Fast integer compression with Stream VByte on ARM Neon processors

Stream VByte is possibly the fastest byte-oriented integer compression scheme. I presented it briefly last month when our paper came out. Our C library has been ported to Rust and Go. Our code is used by the Tantivy search engine as well as by the Trinity Information Retrieval framework. Mark Papadakis reported excellent results with Stream VByte. The x64 code had this super simple vectorized decoding pass:

uint8_t C = lengthTable[control]; // C is between 4 and 16 
 __m128i Data = _mm_loadu_si128((__m128i *) databytes);
 __m128i Shuf = _mm_loadu_si128(shuffleTable[control]);
 Data = _mm_shuffle_epi8(Data, Shuf); // final decoded data  
 datasource += C;

It looks complicated if you are not familiar with vector intrinsic, but this code generates very few instructions.

In my initial announcement, I alluded to the fact that it would be nice to vectorize the code for ARM processors. Indeed, the processors in your iPhone (and other mobile devices) also have vector instructions (called NEON). Could we get good performance there as well?

It turns out that we can. Kendall Willets worked hard not only to vectorize the encoding steps, something we had left for future work, but he also ported the vector code to ARM, with complete vectorization.

What I find beautiful is that the 64-bit ARM NEON code is equivalent, at an abstract level, to the x64 code:

uint8x16_t dec = vld1q_u8(table + key);
uint8x16_t compressed = vld1q_u8(dataPtr);
uint8x16_t data = vqtbl1q_u8(compressed, dec);
dataPtr += length[key];
vst1q_u8(out, data);

It “looks” different because the naming conventions are not the same as Intel’s, but it ends up generating the same kind of instruction.

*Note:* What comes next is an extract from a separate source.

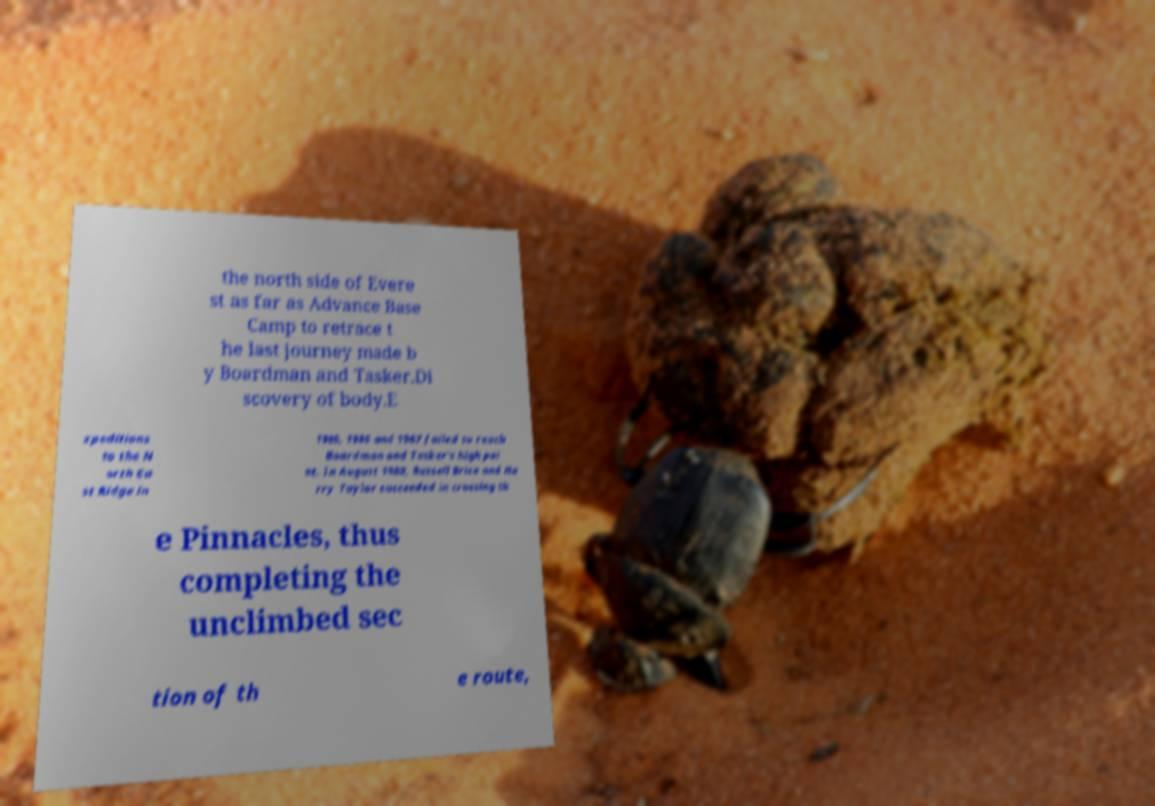What messages or text are displayed in this image? I need them in a readable, typed format. the north side of Evere st as far as Advance Base Camp to retrace t he last journey made b y Boardman and Tasker.Di scovery of body.E xpeditions to the N orth Ea st Ridge in 1985, 1986 and 1987 failed to reach Boardman and Tasker's high poi nt. In August 1988, Russell Brice and Ha rry Taylor succeeded in crossing th e Pinnacles, thus completing the unclimbed sec tion of th e route, 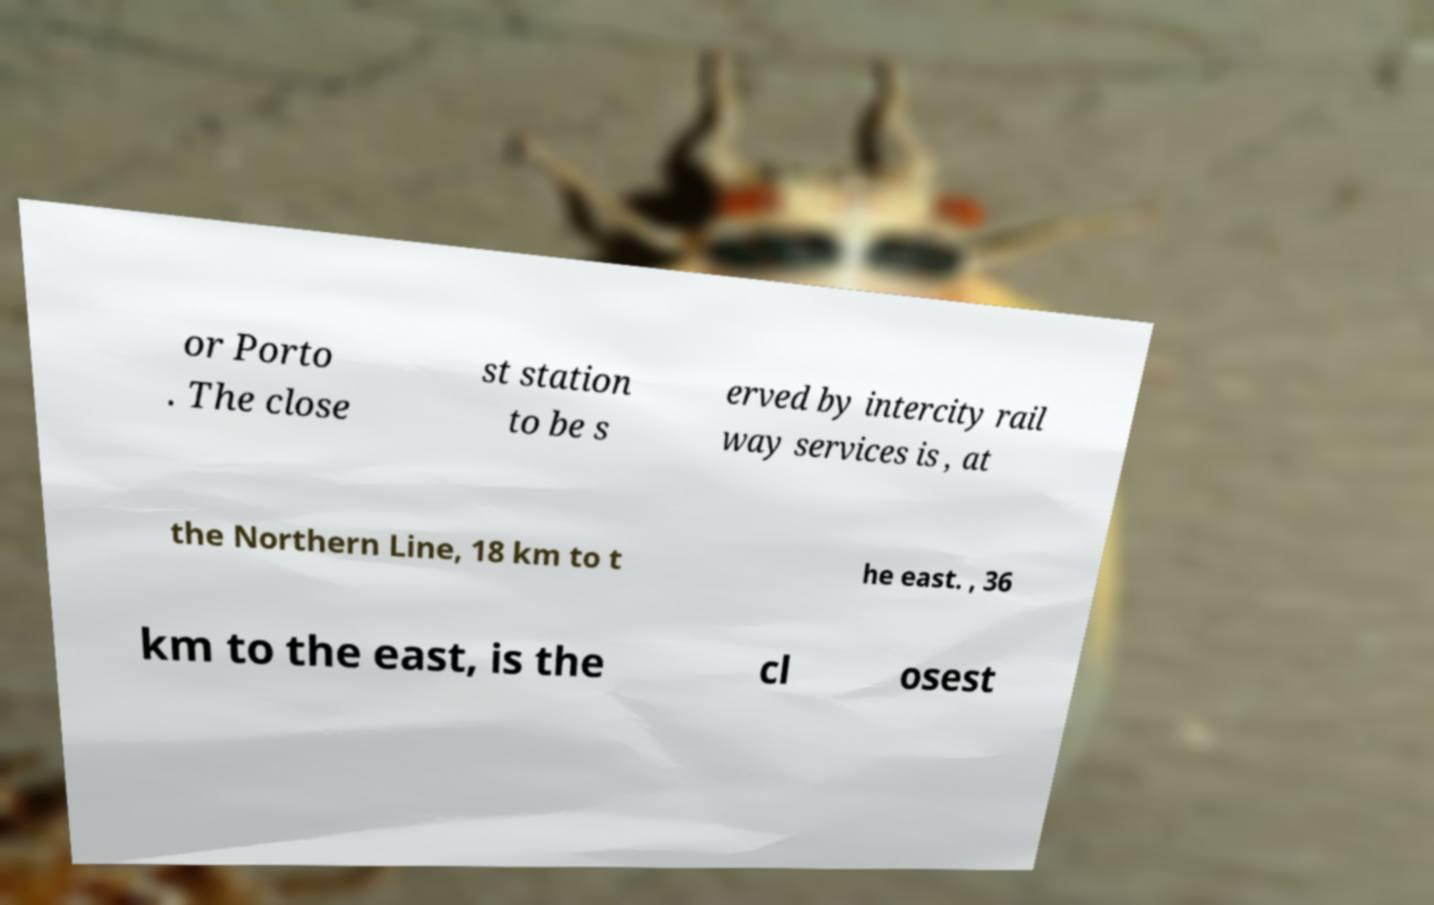Please identify and transcribe the text found in this image. or Porto . The close st station to be s erved by intercity rail way services is , at the Northern Line, 18 km to t he east. , 36 km to the east, is the cl osest 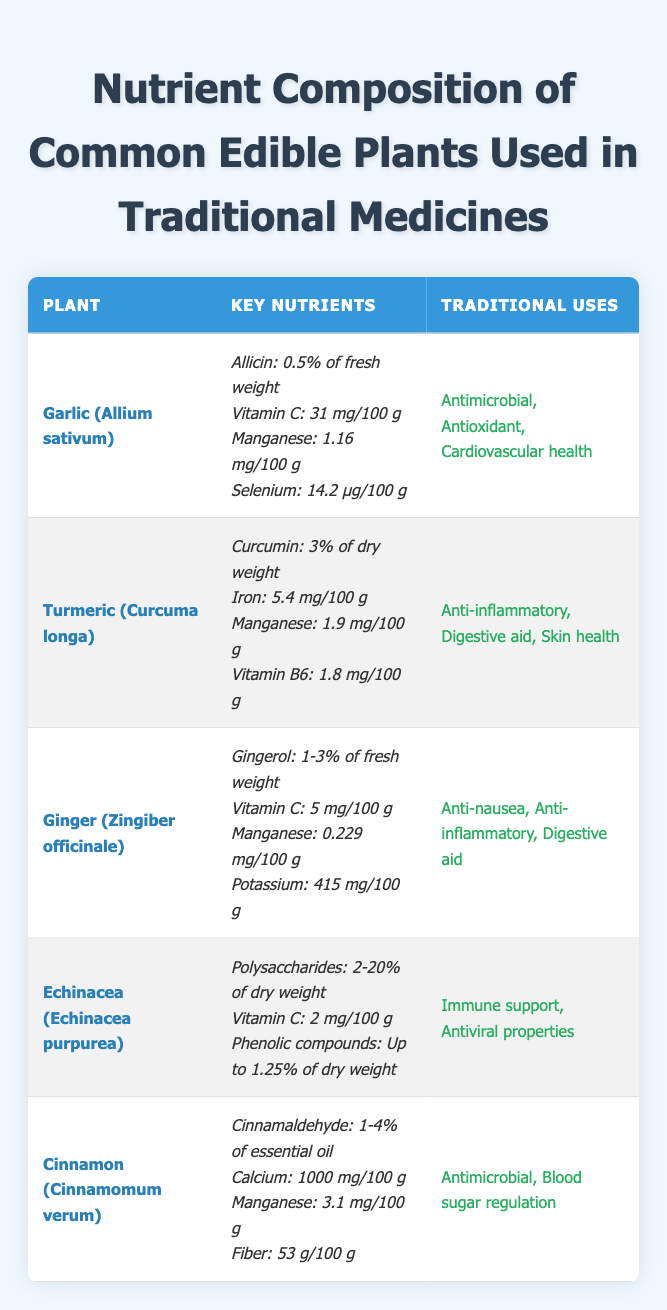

I should point out that this is the 64-bit version of ARM Neon (part of Aarch64). We also support 32-bit ARM systems, but the code is slightly less elegant. As a rule, you should expect most servers as well as most phones to be 64-bit systems, either now or in the near future. However, smartwatches and other tiny devices are probably going to remain 32-bit systems for some time.

So I tested the 64-bit code on a Softiron 1000 server. These machines have relatively weak (and cheap) AMD processors with A57 cores. You can copy memory at a rate of about 1.7 billion 32-bit integers per second on these cores.

Kendall produced a quick benchmark where we attempt to decompress random data. That is not a favorable case for any compression algorithm, but it gives us some idea of a typical “worst case” performance. So how fast is it? Without vectorization, we decode 260 million integers per second. That is not bad. But with vector (NEON) instructions, we reach 1.1 billion integers decode per second, or about 4 times better.

It still early days for ARM processors on servers, but it is getting easier to find them. On this note, I would like to thank Edward Vielmetti from Packet for helping us test with other server-class ARM processors to validate our work.